次に、株価と発行済株式数について説明していきます。
「株価」は、需要(買い手)と供給(売り手)のバランスで決まります。株価の変動要因は様々ですが、大きく分けて以下の2つに影響されます。
①企業の業績・将来性(ミクロ環境)
②社会・経済状況(マクロ環境)
①の企業の業績・将来性ですが、株価を決める最大の要因は企業の売上や利益の額などを表す業績です。企業の業績は3カ月ごとに発表される四半期決算などで判断されます。投資家は、競合他社の情報も併せてその企業の将来性を予想し、将来性への期待が高まるとその企業は人気となり、株価は上昇することになります。
②の社会・経済状況を捉えるためには多くの項目がありますが、主なものは以下です。景気動向、金利水準、外国為替、国内政治の動向、国際情勢、自然災害・天候、外国人投資家の動向などです。
「発行済株式数」は、その企業が市場に出しているすべての株式の数を指し、企業が新たに株式を発行したり、逆に買い戻したりすることで変化します。
発行済株式数の変化要因として、企業が自社の株を買い戻す「自社株買い」があります。自社株買いによって市場の株式数が減少すると、流通している株の価値は相対的に上がるため、時価総額も増えるのです。ただし、必ずしも発行済株式数が増えると時価総額も増えるとは限らないので注意が必要です。
時価総額は、企業の成長性や安全性を判断する際にも役立ち、時価総額が大きければ一般的に市場での信頼性が高く、資金調達力も優れています。逆に、時価総額が小さければその企業は成長途中であることが多く、リスクも相対的に高いと考えられるのです。
このように、時価総額は企業の市場価値を示す基本的な指標であり、投資判断や企業評価において欠かせない要素の一つとなっていますが、時価総額だけを見て判断することは危険です。
以上のことを踏まえて、現在の世界の時価総額ランキングを見ていきましょう。
これは、2024年8月末時点での世界時価総額ランキング上位10社です。
1位アップル(米国)
2位マイクロソフト(米国)
3位エヌビディア(米国)
4位アルファベット(米国)
5位アマゾン(米国)
6位サウジアラムコ(サウジアラビア)
7位メタ・プラットフォームズ(米国)
8位バークシャー・ハサウェイ(米国)
9位イーライリリー(米国)
10位台湾セミコンダクター・マニュファクチャリング(台湾)
上位10社のうち8社が米国企業ということで、米国企業の強さがわかります。
2023年12月末時点での世界株式の時価総額構成比では、63%が米国となっており、米国株式の市場規模は世界の過半数を占める世界最大の株式市場なのです。

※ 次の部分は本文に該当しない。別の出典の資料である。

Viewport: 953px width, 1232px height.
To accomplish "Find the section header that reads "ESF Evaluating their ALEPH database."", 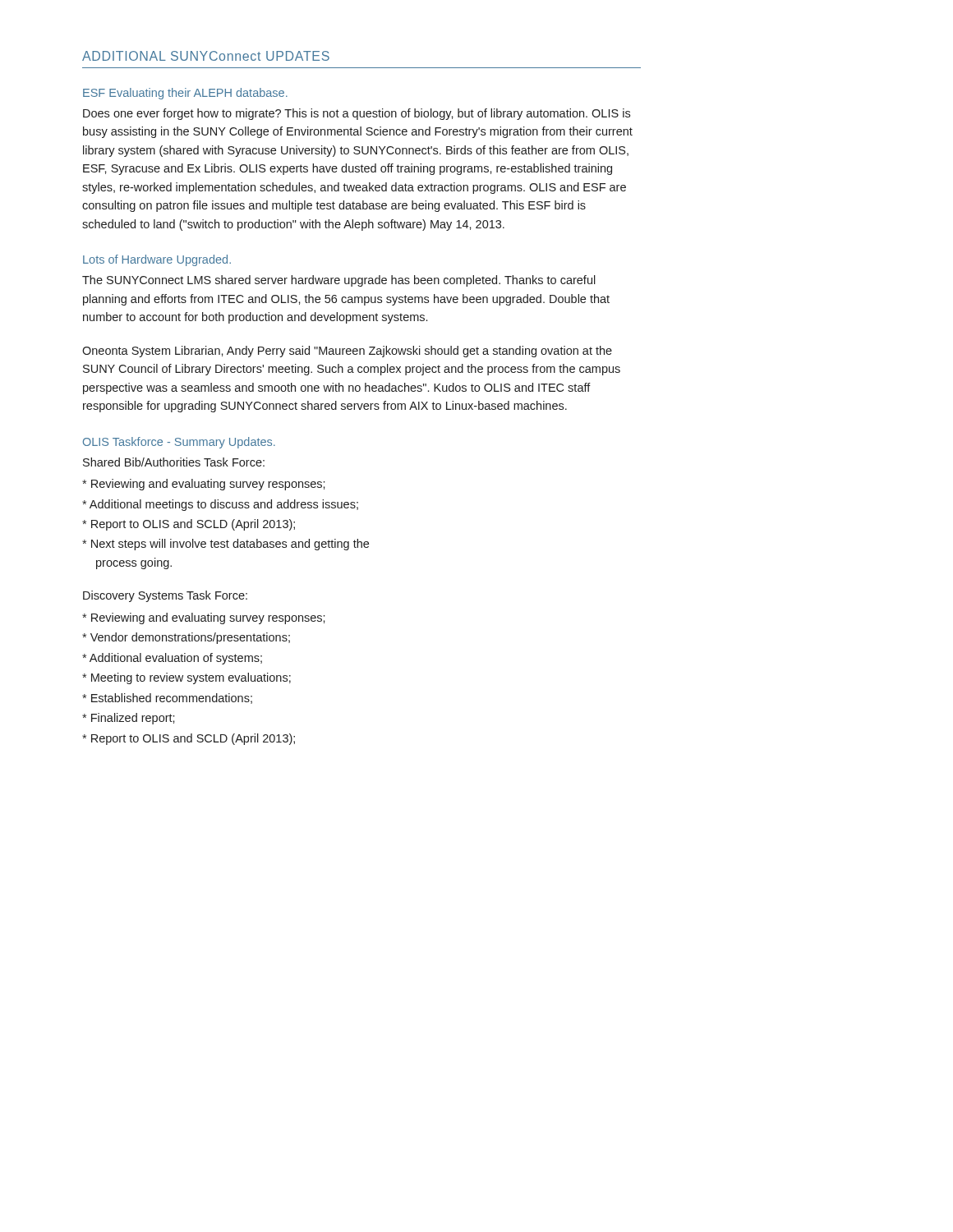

米国経済の成長エネルギーはどこからきているのか。要因は様々あるかと思いますが、主に労働人口の増加と投資が育むイノベーションの2つにあると思います。
2050年にかけて、日本、中国、欧州で労働人口の減少が見込まれる中、米国では労働人口(15歳から64歳の生産年齢人口)の緩やかな増加が予想されています。
また、2022年実績のベンチャーキャピタルの投資額で米国は31.7兆円、中国は4.8兆円、欧州は2.5兆円、日本は0.3兆円となっており、他国と比べてイノベーションを育むリスクマネーの供給も豊富なのです。
しかし、今から35年前の1989年の世界時価総額ランキングは今とは大きく違っていました。
1位NTT(日本)
2位日本興業銀行(日本)
3位住友銀行(日本)
4位富士銀行(日本)
5位第一勧業銀行(日本)
6位IBM(米国)
7位三菱銀行(日本)
8位エクソン(米国)
9位東京電力(日本)
10位ロイヤル・ダッチ・シェル(イギリス)
と、上位10社のうち7社を日本企業が占めていました。まさにバブルがピークに達した時期でした。バブル期と現在では、時価総額上位の顔ぶれは様変わりしており、現在は世界時価総額ランキング上位50社のうち、日本企業はトヨタが39位に入っているのみです。
最後に、時代とともに主役は変化していきます。天まで伸びる木はありません。
これから10年後、20年後の主役は一体どの企業なのか?特定の国や地域、分野などにとらわれず、世界の中でどういった企業が伸びてくるのか、長期的な目線と広い視野を持って探していきたいと思います。